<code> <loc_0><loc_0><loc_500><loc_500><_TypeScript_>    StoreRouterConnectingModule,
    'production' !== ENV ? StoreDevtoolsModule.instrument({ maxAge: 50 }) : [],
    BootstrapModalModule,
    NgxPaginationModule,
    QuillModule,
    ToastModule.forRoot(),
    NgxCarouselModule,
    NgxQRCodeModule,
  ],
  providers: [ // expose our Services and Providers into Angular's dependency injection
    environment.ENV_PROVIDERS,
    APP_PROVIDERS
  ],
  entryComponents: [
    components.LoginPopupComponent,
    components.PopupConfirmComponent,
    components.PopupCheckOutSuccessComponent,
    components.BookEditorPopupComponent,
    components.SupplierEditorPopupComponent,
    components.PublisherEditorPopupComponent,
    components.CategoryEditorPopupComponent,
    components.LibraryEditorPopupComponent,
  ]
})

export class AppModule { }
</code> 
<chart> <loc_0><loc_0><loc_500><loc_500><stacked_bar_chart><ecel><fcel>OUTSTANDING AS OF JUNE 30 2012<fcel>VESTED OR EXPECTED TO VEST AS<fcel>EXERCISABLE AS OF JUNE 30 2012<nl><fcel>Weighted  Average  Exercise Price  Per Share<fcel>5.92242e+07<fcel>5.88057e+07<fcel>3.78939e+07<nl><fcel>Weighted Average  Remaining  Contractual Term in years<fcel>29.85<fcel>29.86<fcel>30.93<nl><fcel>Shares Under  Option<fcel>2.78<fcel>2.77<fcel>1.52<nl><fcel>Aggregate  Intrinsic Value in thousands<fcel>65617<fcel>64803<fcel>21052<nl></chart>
* * *
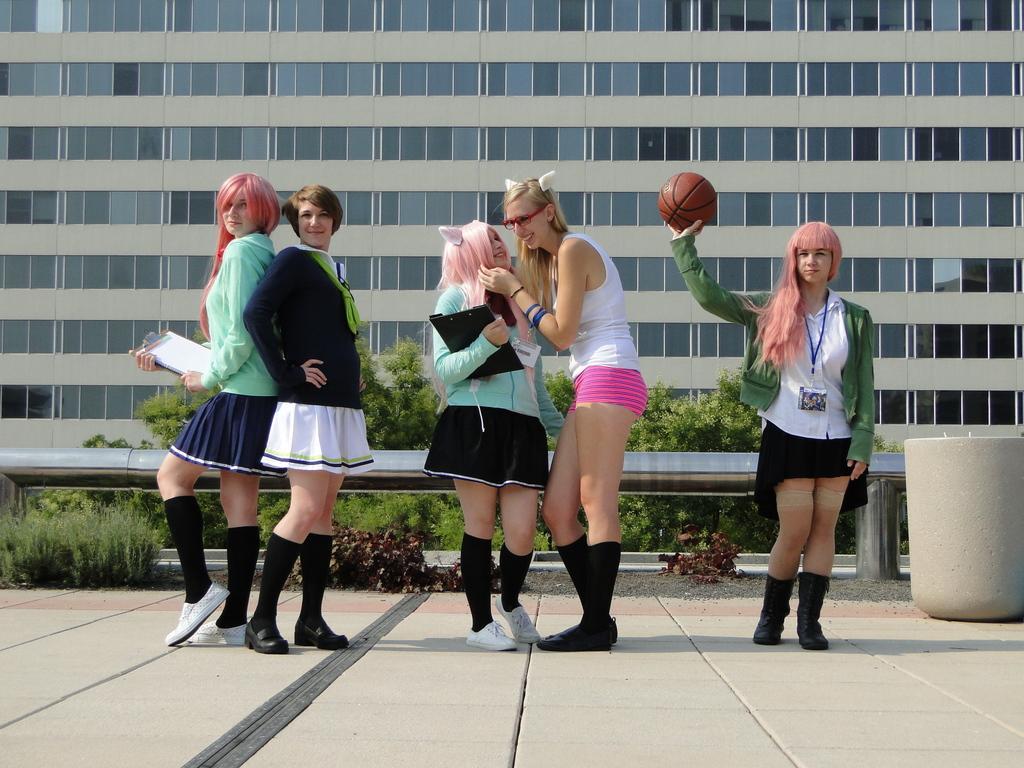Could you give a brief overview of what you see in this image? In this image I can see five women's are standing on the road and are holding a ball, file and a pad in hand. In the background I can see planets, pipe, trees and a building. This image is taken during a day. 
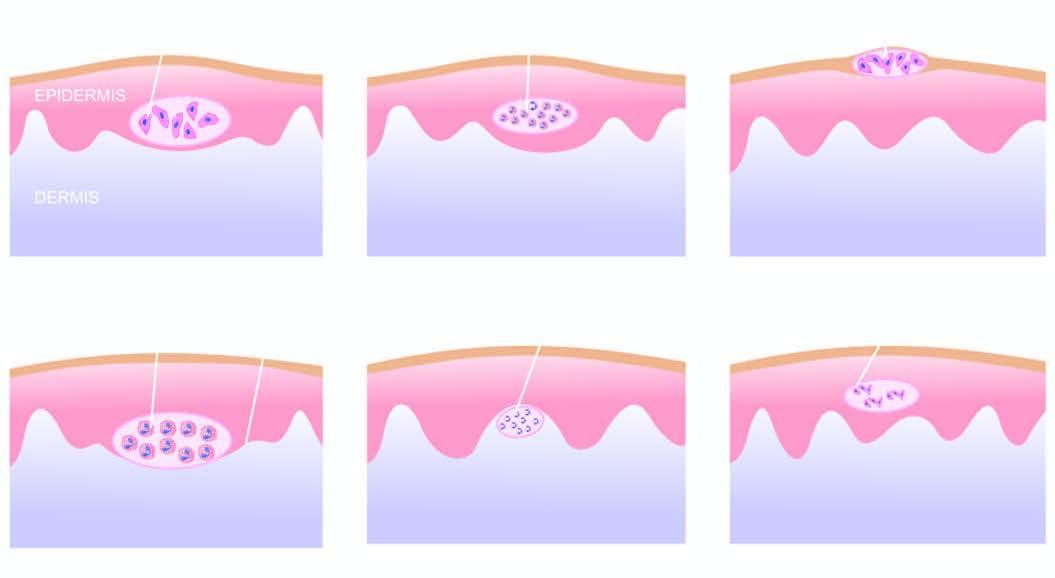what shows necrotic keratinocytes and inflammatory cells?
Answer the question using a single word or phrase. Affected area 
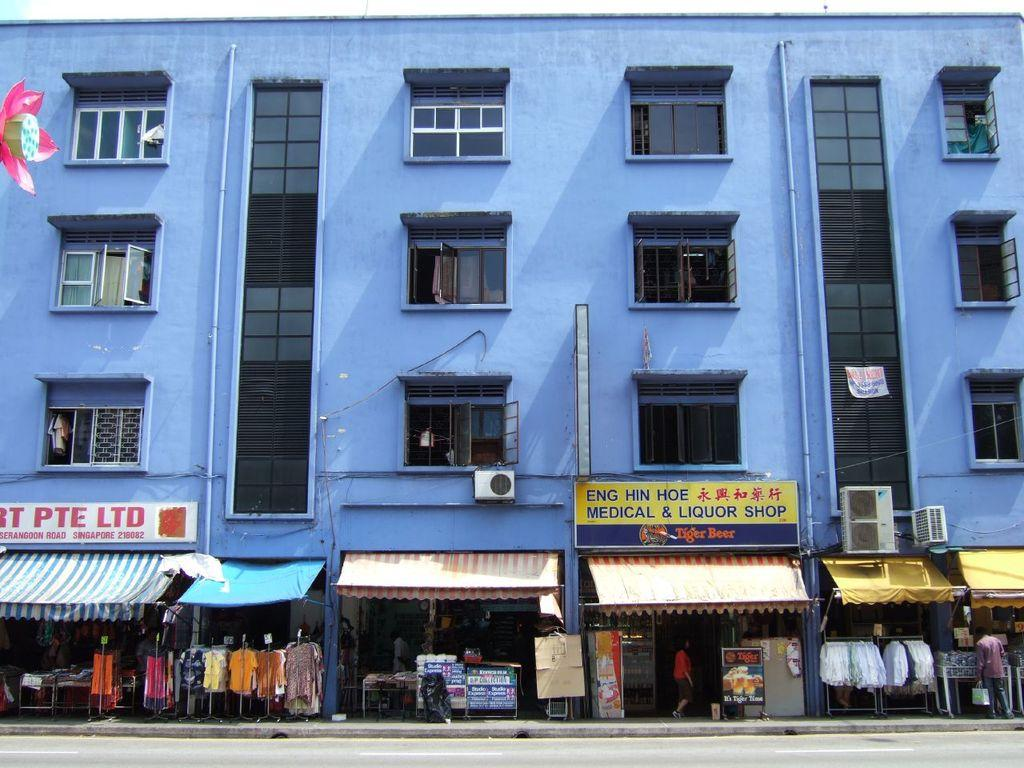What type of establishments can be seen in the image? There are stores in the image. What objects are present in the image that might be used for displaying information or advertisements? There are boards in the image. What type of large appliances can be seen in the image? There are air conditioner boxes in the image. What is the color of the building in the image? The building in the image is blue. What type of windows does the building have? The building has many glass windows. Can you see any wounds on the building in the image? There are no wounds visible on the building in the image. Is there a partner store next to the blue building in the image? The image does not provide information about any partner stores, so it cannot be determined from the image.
* * *
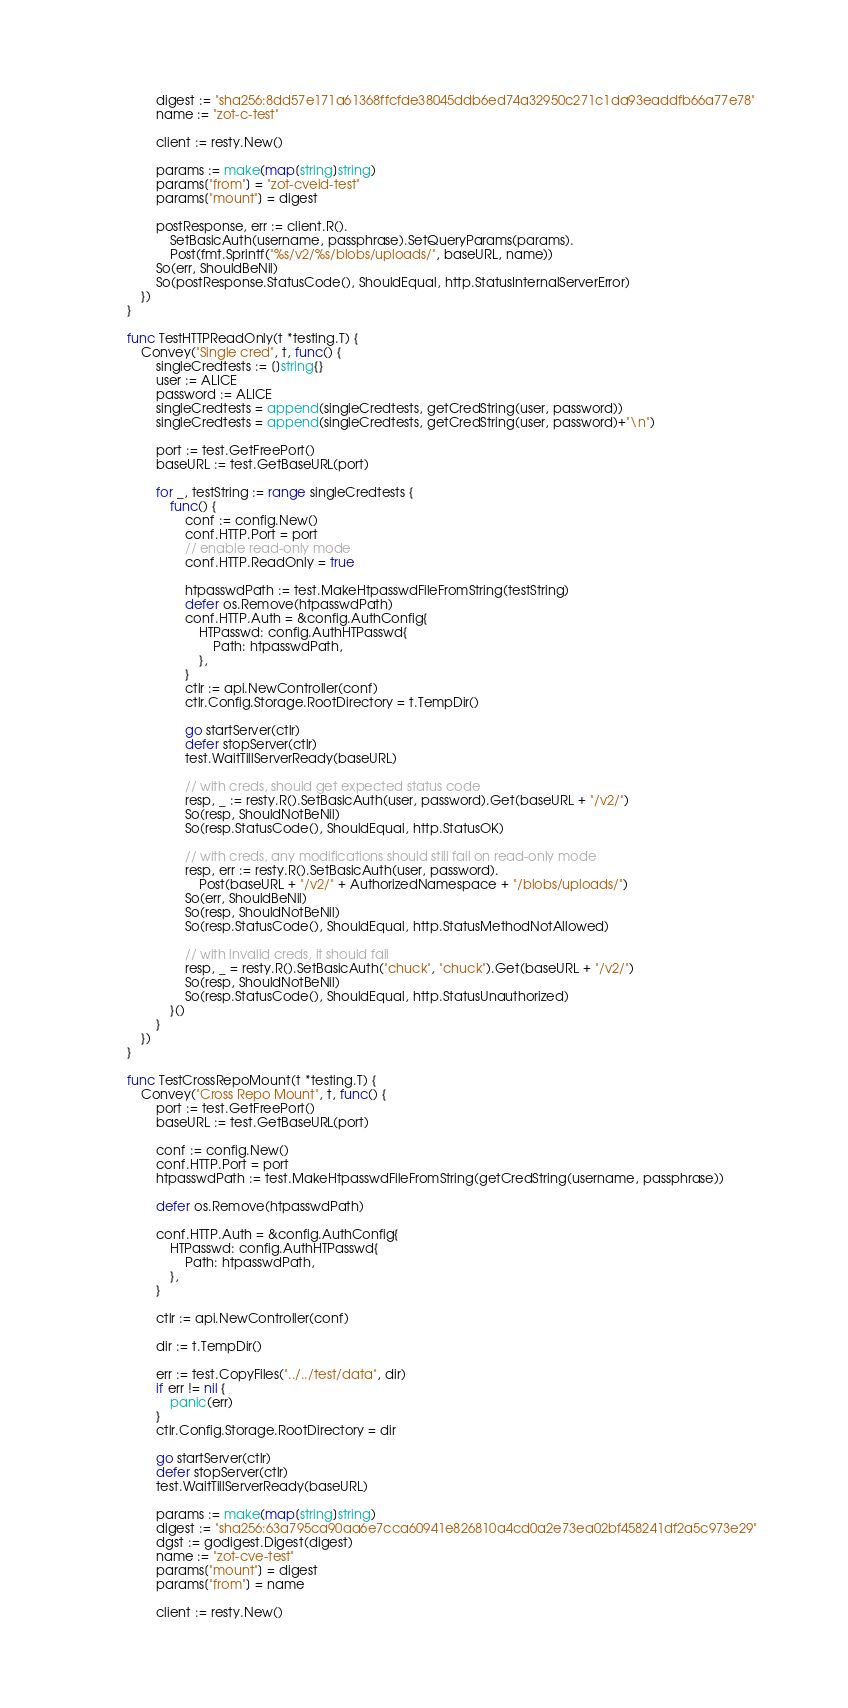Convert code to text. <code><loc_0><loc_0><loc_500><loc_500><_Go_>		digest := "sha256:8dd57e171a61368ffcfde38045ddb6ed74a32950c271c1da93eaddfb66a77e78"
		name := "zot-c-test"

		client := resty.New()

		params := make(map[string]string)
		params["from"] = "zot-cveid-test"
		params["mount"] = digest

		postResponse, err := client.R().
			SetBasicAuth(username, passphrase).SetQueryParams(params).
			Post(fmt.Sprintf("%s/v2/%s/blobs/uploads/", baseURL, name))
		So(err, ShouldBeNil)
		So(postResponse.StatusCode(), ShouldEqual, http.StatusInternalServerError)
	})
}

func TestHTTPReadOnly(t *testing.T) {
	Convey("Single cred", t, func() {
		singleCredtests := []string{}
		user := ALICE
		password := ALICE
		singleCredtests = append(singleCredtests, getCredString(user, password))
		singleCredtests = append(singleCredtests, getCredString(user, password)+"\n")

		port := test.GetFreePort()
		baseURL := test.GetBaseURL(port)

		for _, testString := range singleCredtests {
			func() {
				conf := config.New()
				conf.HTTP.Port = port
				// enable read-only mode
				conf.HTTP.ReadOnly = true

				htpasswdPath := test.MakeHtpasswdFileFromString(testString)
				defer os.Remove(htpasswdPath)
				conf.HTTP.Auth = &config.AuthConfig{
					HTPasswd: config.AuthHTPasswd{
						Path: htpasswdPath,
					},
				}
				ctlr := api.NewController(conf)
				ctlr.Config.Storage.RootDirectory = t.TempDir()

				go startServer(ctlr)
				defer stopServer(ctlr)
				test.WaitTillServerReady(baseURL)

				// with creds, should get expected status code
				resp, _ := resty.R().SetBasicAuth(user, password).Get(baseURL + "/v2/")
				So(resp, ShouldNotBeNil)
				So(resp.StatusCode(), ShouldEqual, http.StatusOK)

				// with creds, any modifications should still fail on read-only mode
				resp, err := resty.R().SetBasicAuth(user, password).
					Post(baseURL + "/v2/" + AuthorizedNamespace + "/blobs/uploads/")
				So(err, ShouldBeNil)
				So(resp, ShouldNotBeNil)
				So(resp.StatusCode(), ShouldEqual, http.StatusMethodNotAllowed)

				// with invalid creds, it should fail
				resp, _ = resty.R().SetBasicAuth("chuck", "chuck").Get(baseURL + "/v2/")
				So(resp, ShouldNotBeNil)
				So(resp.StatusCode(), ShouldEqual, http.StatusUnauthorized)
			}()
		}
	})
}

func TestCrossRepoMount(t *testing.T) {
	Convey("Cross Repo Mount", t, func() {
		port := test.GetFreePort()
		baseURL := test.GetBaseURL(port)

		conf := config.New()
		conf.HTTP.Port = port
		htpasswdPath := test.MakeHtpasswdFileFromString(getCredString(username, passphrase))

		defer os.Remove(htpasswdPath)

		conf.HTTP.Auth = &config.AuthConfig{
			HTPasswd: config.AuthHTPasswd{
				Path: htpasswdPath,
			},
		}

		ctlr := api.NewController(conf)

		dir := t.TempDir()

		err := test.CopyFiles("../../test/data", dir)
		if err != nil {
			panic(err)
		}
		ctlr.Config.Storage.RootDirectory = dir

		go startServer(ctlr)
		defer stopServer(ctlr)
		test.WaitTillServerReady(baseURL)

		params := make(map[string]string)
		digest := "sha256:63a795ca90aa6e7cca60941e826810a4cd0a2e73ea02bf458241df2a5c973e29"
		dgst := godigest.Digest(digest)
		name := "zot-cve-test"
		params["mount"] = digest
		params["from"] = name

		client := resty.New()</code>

▸ Task requirements
Search the material above for the word "client", then copy each line that holds it.

▸ Response area
		client := resty.New()
		postResponse, err := client.R().
		client := resty.New()</code>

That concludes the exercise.